__What you need to do__. Filter these entries so that only lines with the word "font" remain.

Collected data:

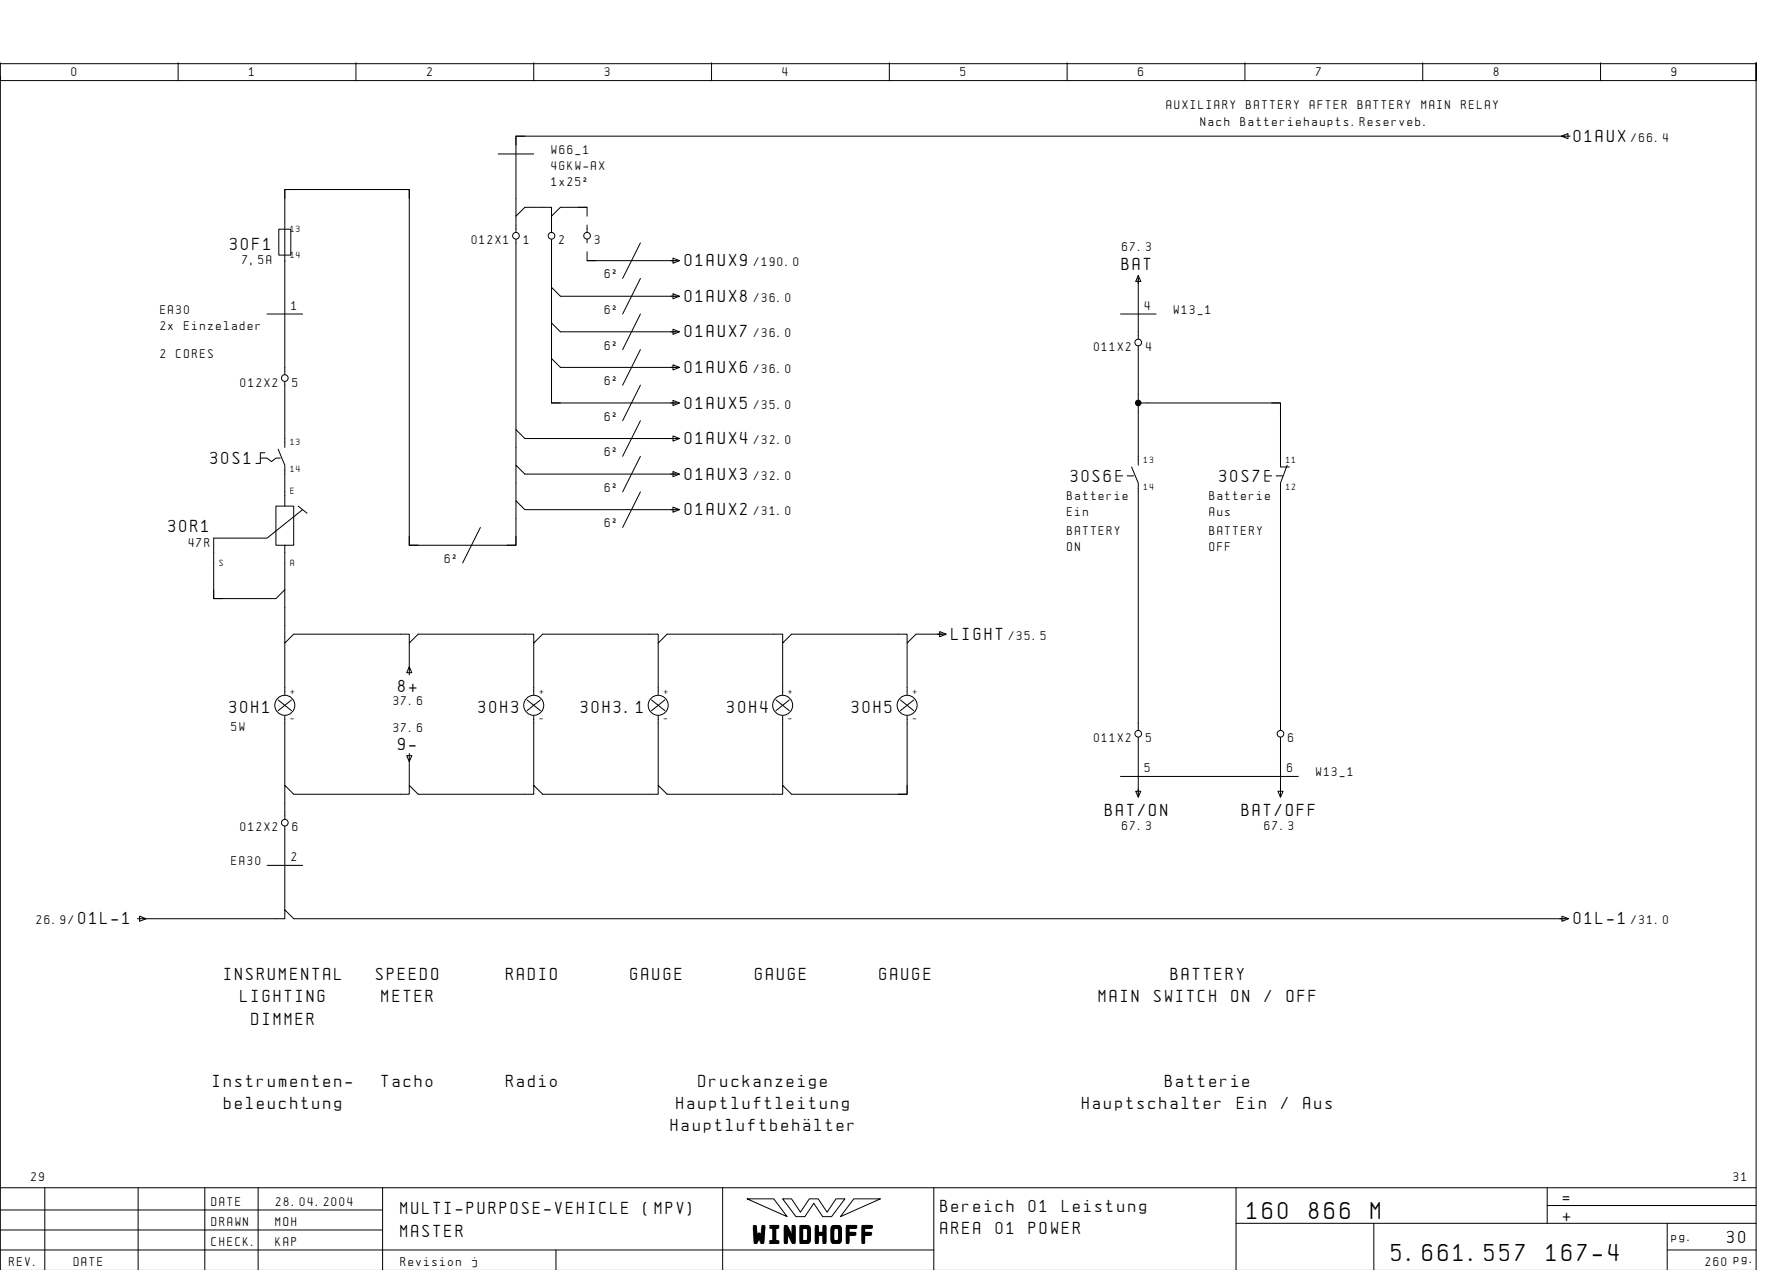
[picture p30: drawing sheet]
<svg xmlns="http://www.w3.org/2000/svg" width="399mm" height="286mm" viewBox="0 0 399 286" stroke-linecap="round" stroke-linejoin="round" font-family="sans-serif">
<defs><g id="words">
<g font-size="4.4">
<text x="280.6" y="274.1">160</text>
<text x="294.5" y="274.1">866</text>
<text x="308.4" y="274.1">M</text>
<text x="169.5" y="279.3">WINDHOFF</text>
<text x="313.1" y="283.6">5.661.557</text>
<text x="347.9" y="283.6">167-4</text>
</g>
<g font-size="3.1">
<text x="354.1" y="31.9">01AUX</text>
<text x="51.8" y="56.3">30F1</text>
<text x="154.1" y="59.9">01AUX9</text>
<text x="252.3" y="60.6">BAT</text>
<text x="154.1" y="67.9">01AUX8</text>
<text x="154.1" y="75.9">01AUX7</text>
<text x="154.1" y="83.9">01AUX6</text>
<text x="154.1" y="91.9">01AUX5</text>
<text x="154.1" y="99.9">01AUX4</text>
<text x="47.4" y="104.4">30S1</text>
<text x="154.1" y="107.9">01AUX3</text>
<text x="240.9" y="108.4">30S6</text>
<text x="274.4" y="108.4">30S7</text>
<text x="37.9" y="119.6">30R1</text>
<text x="154.1" y="115.9">01AUX2</text>
<text x="214.1" y="143.9">LIGHT</text>
<text x="89.6" y="155.6">8+</text>
<text x="51.6" y="160.4">30H1</text>
<text x="107.6" y="160.4">30H3</text>
<text x="130.7" y="160.4">30H3.1</text>
<text x="163.6" y="160.4">30H4</text>
<text x="191.6" y="160.4">30H5</text>
<text x="89.6" y="168.6">9-</text>
<text x="248.6" y="183.6">BAT/ON</text>
<text x="279.4" y="183.6">BAT/OFF</text>
<text x="17.6" y="207.9">01L-1</text>
<text x="354.1" y="207.9">01L-1</text>
<text x="50.4" y="220.4">INSRUMENTAL</text>
<text x="84.6" y="220.4">SPEEDO</text>
<text x="113.9" y="220.4">RADIO</text>
<text x="141.9" y="220.4">GAUGE</text>
<text x="169.9" y="220.4">GAUGE</text>
<text x="197.9" y="220.4">GAUGE</text>
<text x="263.4" y="220.4">BATTERY</text>
<text x="54.1" y="225.4">LIGHTING</text>
<text x="85.9" y="225.4">METER</text>
<text x="247.2" y="225.4">MAIN</text>
<text x="259.6" y="225.4">SWITCH</text>
<text x="277.1" y="225.4">ON</text>
<text x="284.5" y="225.4">/</text>
<text x="289.5" y="225.4">OFF</text>
<text x="56.6" y="230.4">DIMMER</text>
<text x="47.9" y="244.4">Instrumenten-</text>
<text x="85.9" y="244.4">Tacho</text>
<text x="113.9" y="244.4">Radio</text>
<text x="157.2" y="244.4">Druckanzeige</text>
<text x="262.1" y="244.4">Batterie</text>
<text x="50.4" y="249.4">beleuchtung</text>
<text x="152.2" y="249.4">Hauptluftleitung</text>
<text x="243.5" y="249.4">Hauptschalter</text>
<text x="278.3" y="249.4">Ein</text>
<text x="288.2" y="249.4">/</text>
<text x="293.2" y="249.4">Aus</text>
<text x="150.9" y="254.4">HauptluftbehÑlter</text>
<text x="90.1" y="273.1">MULTI-PURPOSE-VEHICLE</text>
<text x="144.8" y="273.1">(MPV)</text>
<text x="211.6" y="272.6">Bereich</text>
<text x="231.5" y="272.6">01</text>
<text x="238.9" y="272.6">Leistung</text>
<text x="351.6" y="270.6">=</text>
<text x="351.6" y="274.6">+</text>
<text x="90.1" y="278.1">MASTER</text>
<text x="211.6" y="277.6">AREA</text>
<text x="224" y="277.6">01</text>
<text x="231.5" y="277.6">POWER</text>
<text x="388.6" y="279.6">30</text>
</g>
<g font-size="2.3">
<text x="16.1" y="17.1">0</text>
<text x="56.1" y="17.1">1</text>
<text x="96.1" y="17.1">2</text>
<text x="136.1" y="17.1">3</text>
<text x="176.1" y="17.1">4</text>
<text x="216.1" y="17.1">5</text>
<text x="256.1" y="17.1">6</text>
<text x="296.1" y="17.1">7</text>
<text x="336.1" y="17.1">8</text>
<text x="376.1" y="17.1">9</text>
<text x="262.5" y="24.4">AUXILIARY</text>
<text x="270.1" y="28.4">Nach</text>
<text x="279.1" y="28.4">Batteriehaupts.Reserveb.</text>
<text x="280.4" y="24.4">BATTERY</text>
<text x="294.7" y="24.4">AFTER</text>
<text x="305.4" y="24.4">BATTERY</text>
<text x="319.8" y="24.4">MAIN</text>
<text x="328.7" y="24.4">RELAY</text>
<text x="124.1" y="34.6">W66_1</text>
<text x="367" y="31.9">/66.4</text>
<text x="124.1" y="38.2">4GKW-AX</text>
<text x="124.1" y="41.8">1x25˝</text>
<text x="54.6" y="59.4">7,5A</text>
<text x="106.1" y="54.9">012X1</text>
<text x="117.8" y="54.9">1</text>
<text x="125.8" y="54.9">2</text>
<text x="133.8" y="54.9">3</text>
<text x="169.6" y="59.9">/190.0</text>
<text x="252.5" y="56.5">67.3</text>
<text x="136.1" y="62.6">6˝</text>
<text x="36.1" y="70.6">EA30</text>
<text x="65.6" y="69.6">1</text>
<text x="136.1" y="70.6">6˝</text>
<text x="169.6" y="67.9">/36.0</text>
<text x="257.6" y="69.6">4</text>
<text x="264.1" y="70.6">W13_1</text>
<text x="36.1" y="74.2">2x</text>
<text x="41.4" y="74.2">Einzelader</text>
<text x="169.6" y="75.9">/36.0</text>
<text x="36.1" y="80.4">2</text>
<text x="39.7" y="80.4">CORES</text>
<text x="136.1" y="78.6">6˝</text>
<text x="169.6" y="83.9">/36.0</text>
<text x="246.1" y="78.9">011X2</text>
<text x="257.8" y="78.9">4</text>
<text x="54.1" y="86.9">012X2</text>
<text x="65.8" y="86.9">5</text>
<text x="136.1" y="86.6">6˝</text>
<text x="136.1" y="94.6">6˝</text>
<text x="169.6" y="91.9">/35.0</text>
<text x="169.6" y="99.9">/32.0</text>
<text x="136.1" y="102.6">6˝</text>
<text x="169.6" y="107.9">/32.0</text>
<text x="136.1" y="110.6">6˝</text>
<text x="240.1" y="112.4">Batterie</text>
<text x="272.1" y="112.4">Batterie</text>
<text x="136.1" y="118.6">6˝</text>
<text x="169.6" y="115.9">/31.0</text>
<text x="240.1" y="116">Ein</text>
<text x="272.1" y="116">Aus</text>
<text x="42.5" y="123.1">47R</text>
<text x="240.1" y="120.4">BATTERY</text>
<text x="240.1" y="124">ON</text>
<text x="272.1" y="120.4">BATTERY</text>
<text x="272.1" y="124">OFF</text>
<text x="100.1" y="126.6">6˝</text>
<text x="227" y="143.9">/35.5</text>
<text x="88.5" y="158.6">37.6</text>
<text x="52.1" y="164.4">5W</text>
<text x="88.5" y="164.5">37.6</text>
<text x="246.1" y="166.9">011X2</text>
<text x="257.8" y="166.9">5</text>
<text x="289.8" y="166.9">6</text>
<text x="257.6" y="173.6">5</text>
<text x="289.6" y="173.6">6</text>
<text x="296.1" y="174.6">W13_1</text>
<text x="54.1" y="186.9">012X2</text>
<text x="65.8" y="186.9">6</text>
<text x="252.5" y="186.6">67.3</text>
<text x="284.5" y="186.6">67.3</text>
<text x="52.1" y="194.6">EA30</text>
<text x="65.6" y="193.6">2</text>
<text x="8.2" y="207.9">26.9/</text>
<text x="367" y="207.9">/31.0</text>
<text x="7" y="265.6">29</text>
<text x="390" y="265.6">31</text>
<text x="47.6" y="271.1">DATE</text>
<text x="47.6" y="275.6">DRAWN</text>
<text x="62" y="275.6">MOH</text>
<text x="62.1" y="271.1">28.04.2004</text>
<text x="47.6" y="280.1">CHECK.</text>
<text x="62" y="280.1">KAP</text>
<text x="376.1" y="279.1">pg.</text>
<text x="2.1" y="284.6">REV.</text>
<text x="16.6" y="284.6">DATE</text>
<text x="90.1" y="284.6">Revision</text>
<text x="106.2" y="284.6">j</text>
<text x="383.7" y="284.6">260 pg.</text>
</g>
<g font-size="1.6">
<text x="65.4" y="52.1">13</text>
<text x="65.4" y="58.1">14</text>
<text x="65.4" y="100.1">13</text>
<text x="65.4" y="106.1">14</text>
<text x="257.4" y="104.1">13</text>
<text x="289.4" y="104.1">11</text>
<text x="65.4" y="111.1">E</text>
<text x="257.4" y="110.1">14</text>
<text x="289.4" y="110.1">12</text>
<text x="49.4" y="127.3">S</text>
<text x="65.4" y="127.3">A</text>
<text x="65.4" y="156.1">+</text>
<text x="121.4" y="156.1">+</text>
<text x="149.4" y="156.1">+</text>
<text x="177.4" y="156.1">+</text>
<text x="205.4" y="156.1">+</text>
<text x="65.4" y="162.1">-</text>
<text x="121.4" y="162.1">-</text>
<text x="149.4" y="162.1">-</text>
<text x="177.4" y="162.1">-</text>
<text x="205.4" y="162.1">-</text>
</g>
</g></defs>
<g fill="none" stroke="#000" stroke-width=".22">
<path d="M.1 14.1v4h395v-4v271.6M.1 17.1v250M.1 14.3h395M40.1 14.1v4M80.1 14.1v4M120.1 14.1v4M160.1 14.1v4M200.1 14.1v4M240.1 14.1v4M280.1 14.1v4M320.1 14.1v4M360.1 14.1v4"/>
<path d="M112.1 34.6h8M118.1 30.6h-2v2M351.3 30.6l1.5-.6v1.2zM353.3 30.6h-237.2v18l2-2h6v2l2-2h6M62.7 51.5h2.7v5.9h-2.7zM64.1 50.6v-8h28v80h24v-10l2 2h34.6M64.1 50.8v33.4M66.1 42.6h-2v2M90.1 42.6h2v2M116.1 48.6v3.6M116.1 53.8v42.8M124.1 48.6v3.6"/>
<path d="M124.1 53.8v10.8M130.1 46.6h2v2M132.1 56.6v2h2M132.1 58.6h20.6M132.1 50.6v1.6M132.1 53.8v.8M144.1 54.6l-4 8M151.4 58l1.5 .6-1.5 .6zM60.1 70.6h8M144.1 62.6l-4 8M144.1 70.6l-4 8M144.1 78.6l-4 8"/>
<path d="M151.4 66l1.5 .6-1.5 .6zM151.4 74l1.5 .6-1.5 .6zM152.7 66.6h-26.6l-2-2v8M152.7 74.6h-26.6l-2-2v8M252.1 70.6h8M256.1 61.9l.6 1.4h-1.2zM256.1 62v14.2M256.1 77.8v26.8M64.1 85.8v14.8M124.1 88.6v2h2M144.1 86.6l-4 8M144.1 94.6l-4 8"/>
<path d="M151.4 82l1.5 .6-1.5 .6zM151.4 90l1.5 .6-1.5 .6zM151.4 98l1.5 .6-1.5 .6zM152.7 98.6h-34.6l-2-2v8M152.7 82.6h-26.6l-2-2v10h28.6M256.1 90.6h32v14.4h2M286.1 90.6h2v2M58.6 103h1.5l1 .8 1-.8h1M59.6 101.8h-1v2.4h-1M62.6 101l1.5 3.6v9.2M67.1 113.8l2 1.6M68.1 114.6l-8 6.4h-12v13.6h14l2-2v12l2-2h26v2l2-2h26v2l2-2h26v2l2-2h26v2l2-2h26v2l2-2h6.7"/>
<path d="M108.1 118.6l-4 8M144.1 102.6l-4 8M144.1 110.6l-4 8M151.4 106l1.5 .6-1.5 .6zM151.4 114l1.5 .6-1.5 .6zM152.7 106.6h-34.6l-2-2v8M251.1 107h1.5M252.1 105.8h-1v2.4h1M253.6 107h1.5M254.6 105l1.5 3.6v55.6M284.6 107h1.5M285.6 105.8h-1v2.4h1"/>
<path d="M287.1 107h1.5M289.6 104.6l-1.5 4v55.6M48.1 132.6v2h2M64.1 122.6h-2v-8.8h4v8.8h-2v10M92.1 120.6v2h2M116.1 120.6v2h-2M62.6 157.4l3 2.4M64.1 144.6v11.6M65.6 157.4l-3 2.4M92.1 149.9l.6 1.4h-1.2zM92.1 144.6v7.2M118.6 157.4l3 2.4"/>
<path d="M120.1 144.6v11.6M121.6 157.4l-3 2.4M146.6 157.4l3 2.4M148.1 144.6v11.6M149.6 157.4l-3 2.4M174.6 157.4l3 2.4M176.1 144.6v11.6M177.6 157.4l-3 2.4M202.6 157.4l3 2.4M204.1 144.6v11.6M205.6 157.4l-3 2.4M211.4 142l1.5 .6-1.5 .6z"/>
<path d="M64.1 161v15.6M91.5 170h1.2l-.6 1.3zM92.1 169.4v7.2M120.1 161v15.6M148.1 161v15.6M176.1 161v15.6M204.1 161v17.6h-26l-2-2v2h-26l-2-2v2h-26l-2-2v2h-26l-2-2v2h-26l-2-2v7.6M204.1 176.6v2h-2M252.1 174.6h40M255.5 178h1.2l-.6 1.3zM256.1 165.8v13.4M287.5 178h1.2l-.6 1.3z"/>
<path d="M288.1 165.8v13.4M60.1 194.6h8M64.1 185.8v18.8M30.9 206.6h33.2v-2l2 2h286.6M31.4 206l1.5 .6-1.5 .6zM351.4 206l1.5 .6-1.5 .6zM10.1 267.1v18.5M31.1 267.1v18.5M46.1 267.1v18.6M58.1 267.1v18.6M86.1 272.1h-86M86.1 276.6h-86"/>
<path d="M86.1 267.1v18.6M162.6 267.1v18.6M168.1 269.6h6l3 4zM176.1 269.6h2l2 3 2-3h2l2 3 2-3h2l-3 4h-2l-2-3-2 3h-2zM192.1 269.6h6l-9 4zM210.1 267.1v18.6M278.1 275.1h117M278.1 267.1v18.6M309.1 275.1v10.6M348.1 271.1h47M348.1 267.1v8M375.1 275.1v10.6"/>
<path d="M395.1 267.1h-395v18.6M125.1 281.1v4.6M210.1 281.1h-210M375.1 281.1h20"/>
<circle cx="116.1" cy="53" r=".75"/>
<circle cx="124.1" cy="53" r=".75"/>
<circle cx="132.1" cy="53" r=".75"/>
<circle cx="256.1" cy="77" r=".75"/>
<circle cx="64.1" cy="85" r=".75"/>
<circle cx="64.1" cy="158.6" r="2.25"/>
<circle cx="120.1" cy="158.6" r="2.25"/>
<circle cx="148.1" cy="158.6" r="2.25"/>
<circle cx="176.1" cy="158.6" r="2.25"/>
<circle cx="204.1" cy="158.6" r="2.25"/>
<circle cx="256.1" cy="165" r=".75"/>
<circle cx="288.1" cy="165" r=".75"/>
<circle cx="64.1" cy="185" r=".75"/>
</g>
<circle cx="256.1" cy="90.6" r=".63" fill="#000" stroke="#000" stroke-width=".22"/>
<use href="#words"/>
</svg>

__Completed task__.
<svg xmlns="http://www.w3.org/2000/svg" width="399mm" height="286mm" viewBox="0 0 399 286" stroke-linecap="round" stroke-linejoin="round" font-family="sans-serif">
<g font-size="4.4">
<g font-size="3.1">
<g font-size="2.3">
<g font-size="1.6">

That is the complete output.